|I Want You|
|Directed by||Mark Robson|
|Produced by||Samuel Goldwyn|
|Screenplay by||Irwin Shaw|
|Starring|| Dana Andrews |
|Music by||Leigh Harline|
|Edited by||Daniel Mandell|
|Distributed by||RKO Radio Pictures|
|Box office||$1.5 million (US rentals)|
I Want You is a 1951 film directed by Mark Robson taking place in America during the Korean War.Gordon E. Sawyer was nominated for the Academy Award for Best Sound.
In the "early summer of 1950", Martin Greer is the engineer for a small construction company, Greer and Sons, working with his father. An Army combat engineer for four years during World War II, he and wife Nancy have two young children. Employee George Kress asks Martin to write a letter to the Selective Service System stating that his son, George Jr., is "indispensable" for their company and thus exempt from the draft. Martin reluctantly refuses, and George Jr. joins the Army at the beginning of the Korean War.

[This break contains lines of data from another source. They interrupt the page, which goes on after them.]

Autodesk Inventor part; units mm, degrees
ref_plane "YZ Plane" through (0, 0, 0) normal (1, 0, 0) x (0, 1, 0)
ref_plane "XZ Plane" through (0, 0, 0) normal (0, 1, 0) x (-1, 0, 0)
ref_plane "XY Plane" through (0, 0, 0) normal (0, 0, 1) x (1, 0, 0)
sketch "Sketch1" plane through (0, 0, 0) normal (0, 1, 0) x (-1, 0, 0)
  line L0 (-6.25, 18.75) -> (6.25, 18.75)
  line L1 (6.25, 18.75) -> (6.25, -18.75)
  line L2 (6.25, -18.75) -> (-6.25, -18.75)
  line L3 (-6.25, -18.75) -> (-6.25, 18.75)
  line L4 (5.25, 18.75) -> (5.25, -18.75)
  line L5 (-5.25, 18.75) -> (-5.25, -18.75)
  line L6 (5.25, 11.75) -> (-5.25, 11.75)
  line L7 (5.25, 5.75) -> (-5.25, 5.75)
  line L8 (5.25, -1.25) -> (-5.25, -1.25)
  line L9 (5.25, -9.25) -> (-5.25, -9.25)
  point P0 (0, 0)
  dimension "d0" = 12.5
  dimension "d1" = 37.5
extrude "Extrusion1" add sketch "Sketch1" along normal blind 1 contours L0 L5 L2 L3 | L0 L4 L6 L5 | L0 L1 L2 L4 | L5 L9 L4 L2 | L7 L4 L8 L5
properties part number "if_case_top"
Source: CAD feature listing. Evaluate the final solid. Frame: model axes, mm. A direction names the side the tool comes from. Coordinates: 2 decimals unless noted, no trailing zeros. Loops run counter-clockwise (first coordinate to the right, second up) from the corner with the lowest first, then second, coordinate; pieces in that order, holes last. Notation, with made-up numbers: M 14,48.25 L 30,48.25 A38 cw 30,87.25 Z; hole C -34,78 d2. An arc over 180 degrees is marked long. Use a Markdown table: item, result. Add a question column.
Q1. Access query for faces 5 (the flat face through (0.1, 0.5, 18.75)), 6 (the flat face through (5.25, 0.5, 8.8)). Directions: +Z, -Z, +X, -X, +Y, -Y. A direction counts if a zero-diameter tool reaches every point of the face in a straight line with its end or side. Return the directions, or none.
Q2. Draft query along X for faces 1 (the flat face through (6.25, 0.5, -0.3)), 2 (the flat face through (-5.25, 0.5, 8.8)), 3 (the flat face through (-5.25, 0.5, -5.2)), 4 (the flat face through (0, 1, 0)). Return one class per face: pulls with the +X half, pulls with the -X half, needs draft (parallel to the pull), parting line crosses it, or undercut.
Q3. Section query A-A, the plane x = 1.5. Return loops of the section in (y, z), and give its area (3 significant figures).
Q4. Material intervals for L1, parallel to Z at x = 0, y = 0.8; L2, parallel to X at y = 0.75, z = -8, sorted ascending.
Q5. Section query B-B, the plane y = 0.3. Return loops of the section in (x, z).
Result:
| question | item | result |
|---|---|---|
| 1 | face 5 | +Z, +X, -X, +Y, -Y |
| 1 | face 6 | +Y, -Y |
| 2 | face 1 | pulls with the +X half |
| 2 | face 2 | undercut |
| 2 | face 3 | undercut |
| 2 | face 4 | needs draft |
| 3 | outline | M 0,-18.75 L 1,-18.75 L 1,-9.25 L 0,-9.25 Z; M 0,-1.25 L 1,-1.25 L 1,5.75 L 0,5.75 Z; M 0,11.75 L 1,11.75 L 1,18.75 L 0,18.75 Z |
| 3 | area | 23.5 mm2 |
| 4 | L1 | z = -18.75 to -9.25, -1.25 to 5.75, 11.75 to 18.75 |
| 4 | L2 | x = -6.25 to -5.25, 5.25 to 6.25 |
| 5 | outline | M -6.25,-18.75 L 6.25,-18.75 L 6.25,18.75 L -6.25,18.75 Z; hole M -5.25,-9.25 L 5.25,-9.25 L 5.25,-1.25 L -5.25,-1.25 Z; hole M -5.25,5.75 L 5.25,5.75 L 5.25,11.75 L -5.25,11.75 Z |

Martin's younger brother Jack is in love with college student Carrie Turner, daughter of a judge who is on the local draft board. Despite a trick knee that got him deferred once before, he is drafted. Jack suspects that her father, who feels his daughter can do better, is the reason. Jack and Martin's mother, who lost a son during the last war, asks Martin to write an "indispensable" letter for his brother; he seriously considers it, but does not do so, and Nancy criticizes Jack for his reluctance to serve. Jack joins the Army, where he briefly sees George Jr. before the latter goes to Korea.
Something bad happens to George Jr. (though it is not made clear whether he is dead, badly wounded or missing in action), and his father drunkenly blames Martin. Harvey Landrum, Martin's commander in World War II, reenlists and asks Martin to join him, as engineers who know how to build airstrips are scarce. Eligible for exemptions, he initially declines, then agrees, over his wife's objections. Jack and Carrie marry during a furlough before he also goes overseas.
Leonard Maltin gives the film three out of four stars, describing it as “Dated yet still touching Americana detailing effects of the Korean War on a small-town family. An artifact of its era, with fine performances all around. “
At the time of its release, Bosley Crowther of The New York Times wrote: “All in all the running crisis of the "cold war" has been absorbed in the cotton padding of sentiment. A straight recruiting poster would be more convincing and pack more dramatic appeal.”